We have an Active Directory integrated scm-server deployment. Some users are finding their accounts being locked out. We can confirm the requests are coming from the scm-server, however that's all we can do.

Logging, using TRACE, does not show any useful information such as source IP address, from whta we can see.

We have tried upgrading from 1.40 to 1.46, but still, not joy.

We can see from some committ logs that it looks like changes were made to log out source IP addresses for authentication requests, but we are unsure of how to make use of this?

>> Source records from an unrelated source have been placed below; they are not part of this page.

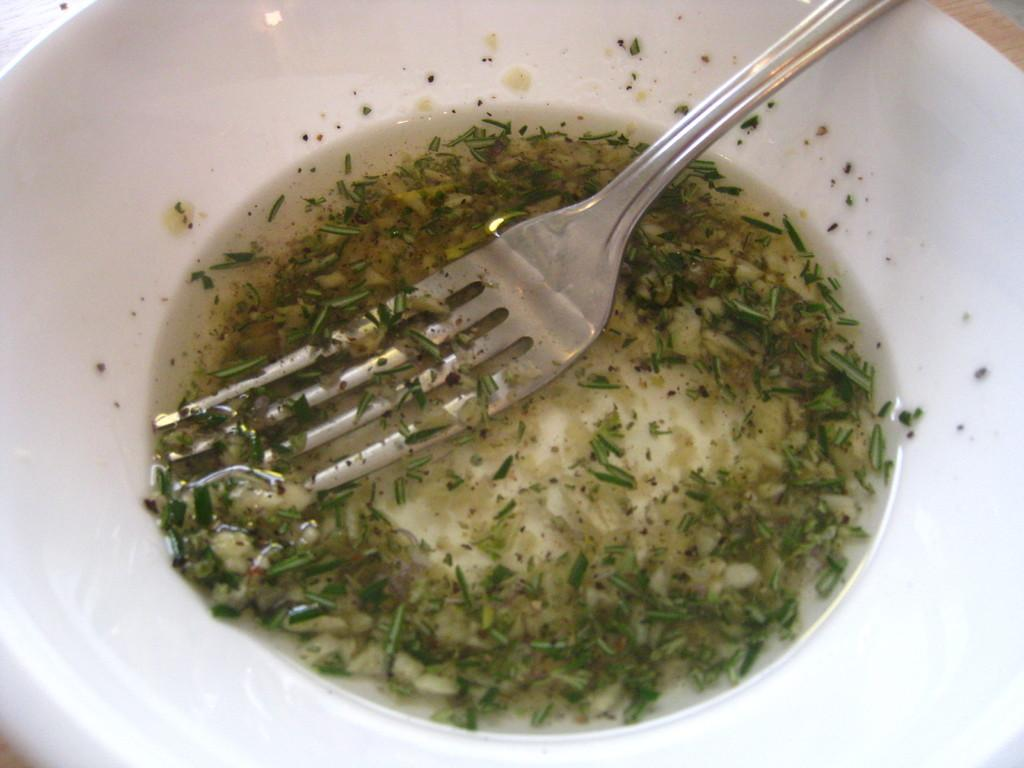What is in the bowl that is visible in the image? There is soup in a bowl in the image. What utensil is in the bowl in the image? There is a fork in the bowl in the image. What is the bowl resting on in the image? The bowl is on an object in the image. What type of rice can be seen in the image? There is no rice present in the image; it features soup in a bowl with a fork. 
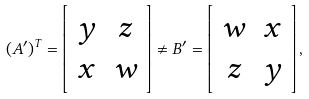<formula> <loc_0><loc_0><loc_500><loc_500>( A ^ { \prime } ) ^ { T } = \left [ \begin{array} { c c } y & z \\ x & w \\ \end{array} \right ] \neq B ^ { \prime } = \left [ \begin{array} { c c } w & x \\ z & y \\ \end{array} \right ] ,</formula> 
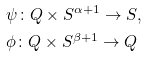Convert formula to latex. <formula><loc_0><loc_0><loc_500><loc_500>& \psi \colon Q \times S ^ { \alpha + 1 } \to S , \\ & \phi \colon Q \times S ^ { \beta + 1 } \to Q</formula>

Could you please advise?

The goal/request: * To log out source IP address for authentication failed requests.

Thank you.

Comments (11)

  1. Sebastian Sebastian repo owner

    This is already possible with slf4j/logback mdc. SCM-Manager sets mdcs for username, client_ip, client_host (MDCFilter). To log the value of a mdc, at it to the pattern of your appender e.g.:

    <appender name="STDOUT" class="ch.qos.logback.core.ConsoleAppender">
    
      <encoder>
          <pattern>%d{yyyy-MM-dd HH:mm:ss.SSS} [%thread] %X{client_ip} %-5level %logger - %msg%n</pattern>
      </encoder>
    
    </appender>
    

    For more information on mdc, please have a look at the logback documentation.

  2. Stephen Bowles reporter

    Thank you Sebastian.

    We have made the changes to the configuration file (direct copy of your example), however it is still not outputting the IP address - instead, a whitespace is there now?

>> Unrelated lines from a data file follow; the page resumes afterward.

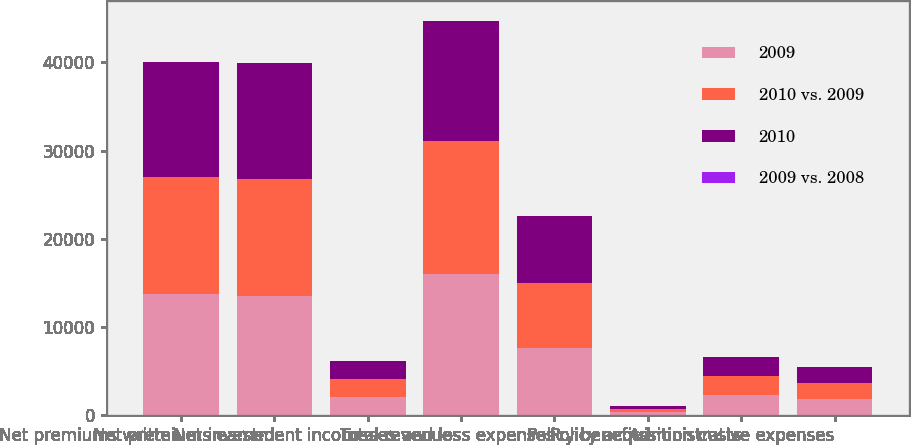Convert chart. <chart><loc_0><loc_0><loc_500><loc_500><stacked_bar_chart><ecel><fcel>Net premiums written<fcel>Net premiums earned<fcel>Net investment income<fcel>Total revenues<fcel>Losses and loss expenses<fcel>Policy benefits<fcel>Policy acquisition costs<fcel>Administrative expenses<nl><fcel>2009<fcel>13708<fcel>13504<fcel>2070<fcel>16006<fcel>7579<fcel>357<fcel>2337<fcel>1858<nl><fcel>2010 vs. 2009<fcel>13299<fcel>13240<fcel>2031<fcel>15075<fcel>7422<fcel>325<fcel>2130<fcel>1811<nl><fcel>2010<fcel>13080<fcel>13203<fcel>2062<fcel>13632<fcel>7603<fcel>399<fcel>2135<fcel>1737<nl><fcel>2009 vs. 2008<fcel>3<fcel>2<fcel>2<fcel>6<fcel>2<fcel>10<fcel>10<fcel>3<nl></chart> 
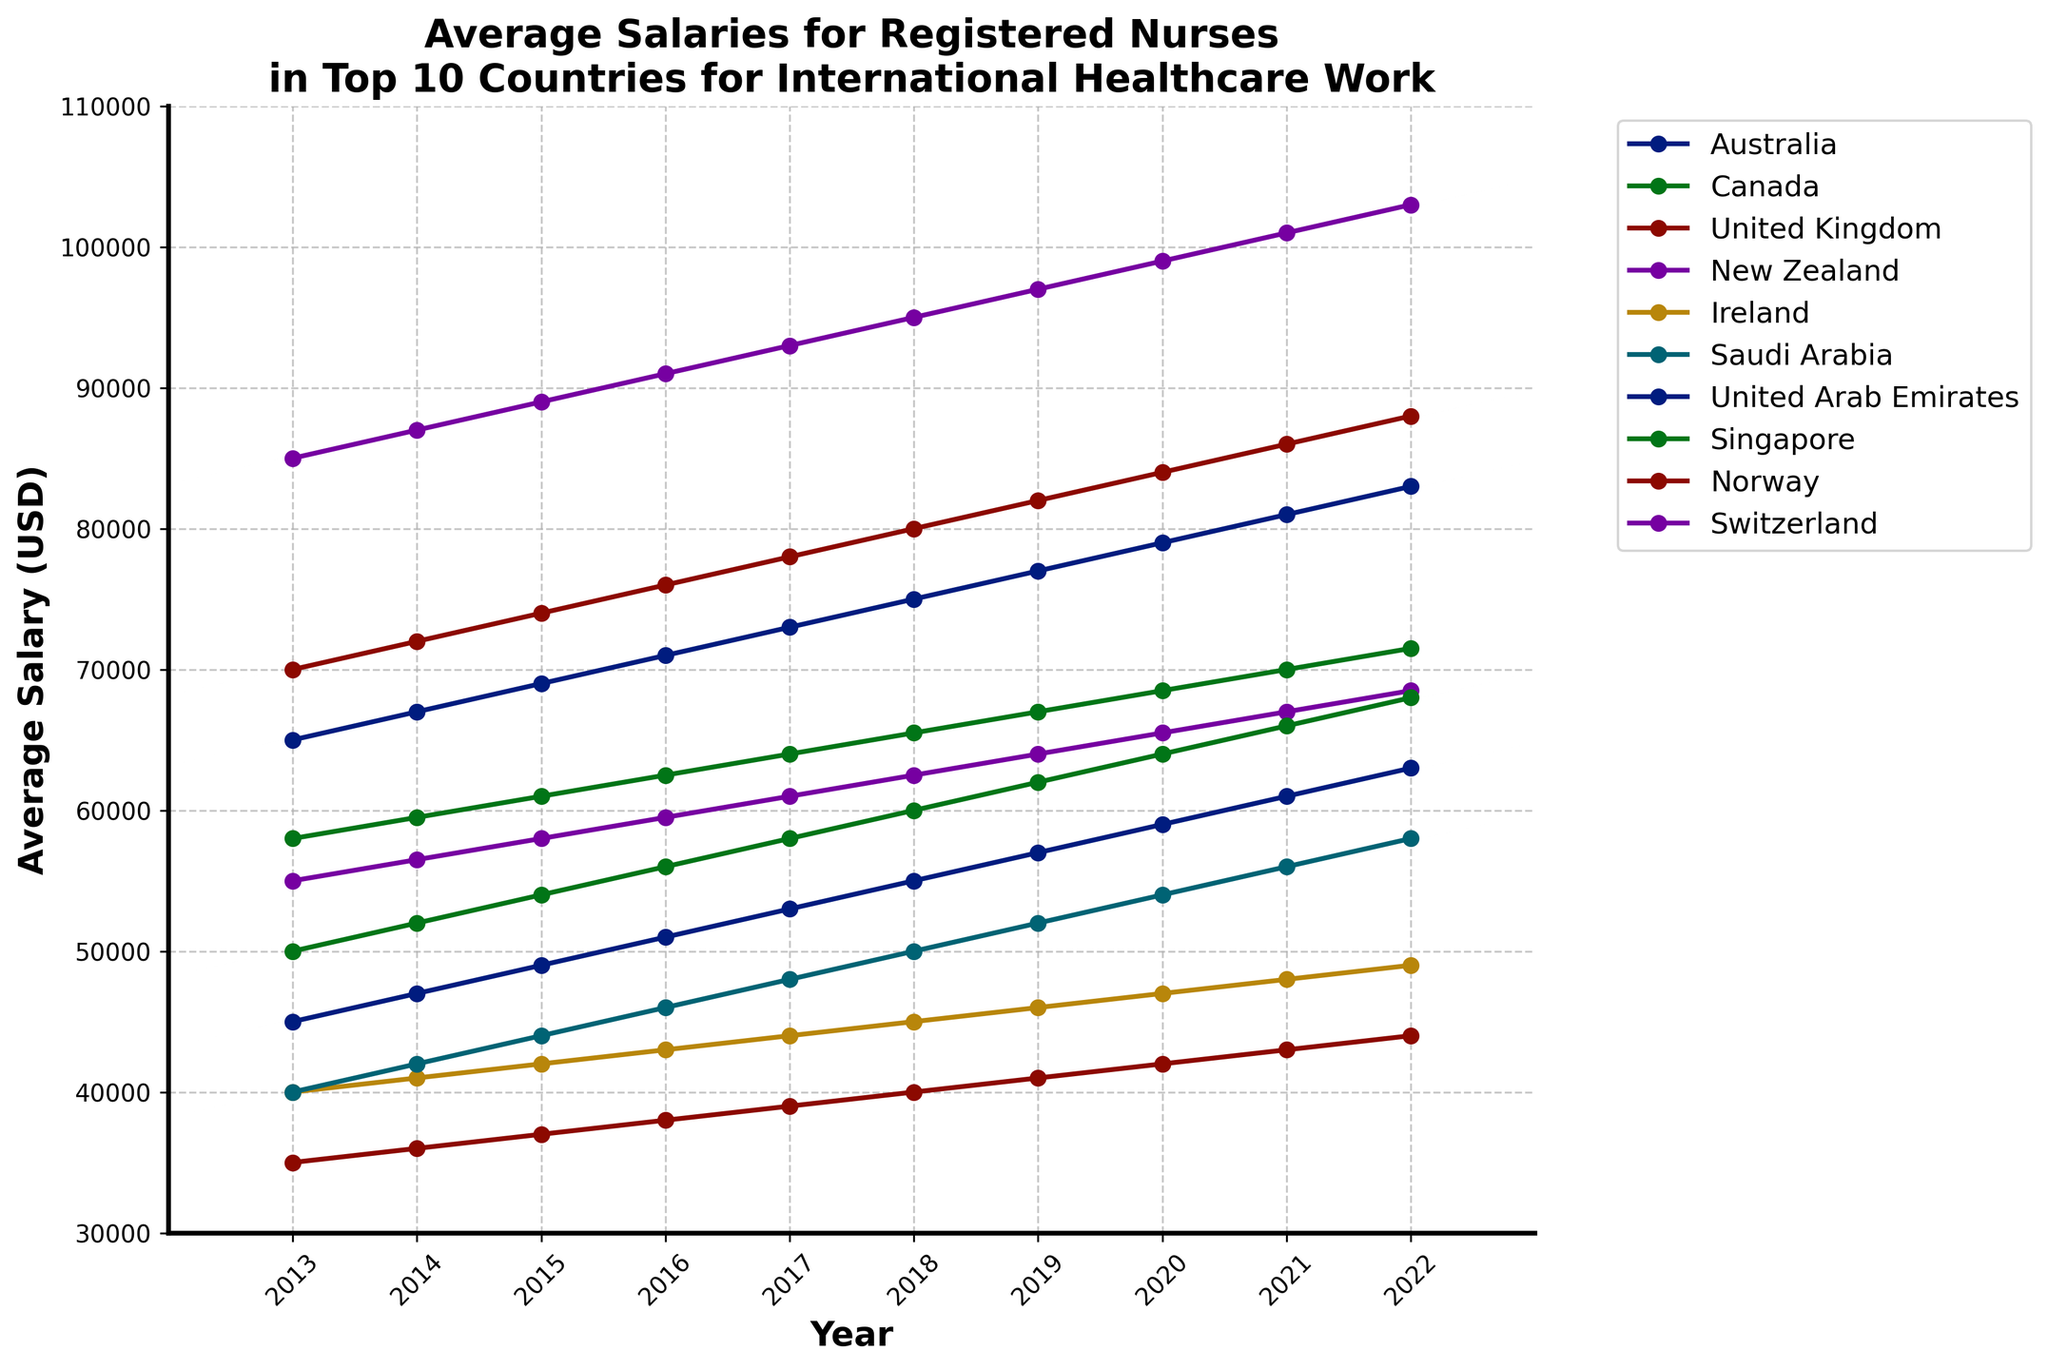What country experienced the highest average salary for registered nurses in 2022? The 2022 salaries are provided for all the countries. By observing the lines, Switzerland has the top average salary in 2022.
Answer: Switzerland How much did the average salary for registered nurses in Canada increase from 2013 to 2022? To find this, observe the line for Canada at both 2013 and 2022. Subtract the 2013 salary ($58,000) from the 2022 salary ($71,500).
Answer: $13,500 Which country had the lowest average salary for registered nurses in 2017? Check the values corresponding to 2017 for each country and identify the lowest one. The UK had the lowest average salary of $39,000 in 2017.
Answer: United Kingdom Between which years did Norway see the highest increase in the average salary for registered nurses? Observing the slope of the line representing Norway, we see the steepest increase between 2020 and 2021 ($84,000 to $86,000).
Answer: 2020 and 2021 Which country had a consistent annual increase in average salaries without any dips? By following each line year-by-year, we see that the lines for Australia, Canada, and Norway consistently trend upwards without any dips.
Answer: Australia, Canada, and Norway How does the average salary in Singapore in 2022 compare to New Zealand in 2020? Find Singapore's average salary in 2022 ($68,000) and New Zealand's in 2020 ($65,500) and compare them.
Answer: $2,500 higher What is the difference in the average salary for registered nurses between Ireland and Saudi Arabia in 2013? Ireland's 2013 salary was $40,000, while for Saudi Arabia it was $40,000. Thus, the difference is $0.
Answer: $0 Which country had the steepest overall growth in average salary from 2013 to 2022? Calculate the difference between the 2022 and 2013 salaries for each country and identify the largest one. Switzerland had the steepest growth ($103,000 - $85,000).
Answer: Switzerland In which year did the United Kingdom surpass the $40,000 mark in average salary? Following the UK's trend line, the salary first exceeds $40,000 in 2018.
Answer: 2018

    Also tried: <pattern>%d{yyyy-MM-dd HH:mm:ss.SSS} [%thread] %client_ip% %client_host% %username% %X{client_ip} %-5level %logger - %msg%n</pattern>

    Confirmed we are running 1.46.

    Is there something else we need to change/check for the IP address to be outputted in the logs? E.g., running a higher level of logging? (We tried TRACE - still no joy).

    Thank you.

  3. Stephen Bowles reporter

    Thank you Sebastian.

    We have scm-manager installed on a Windows box, installed using "scm-server install", after downloading the .zip file and extracting, I wasn't involved in the initial project, but it looks like Tomcat, judging by the services.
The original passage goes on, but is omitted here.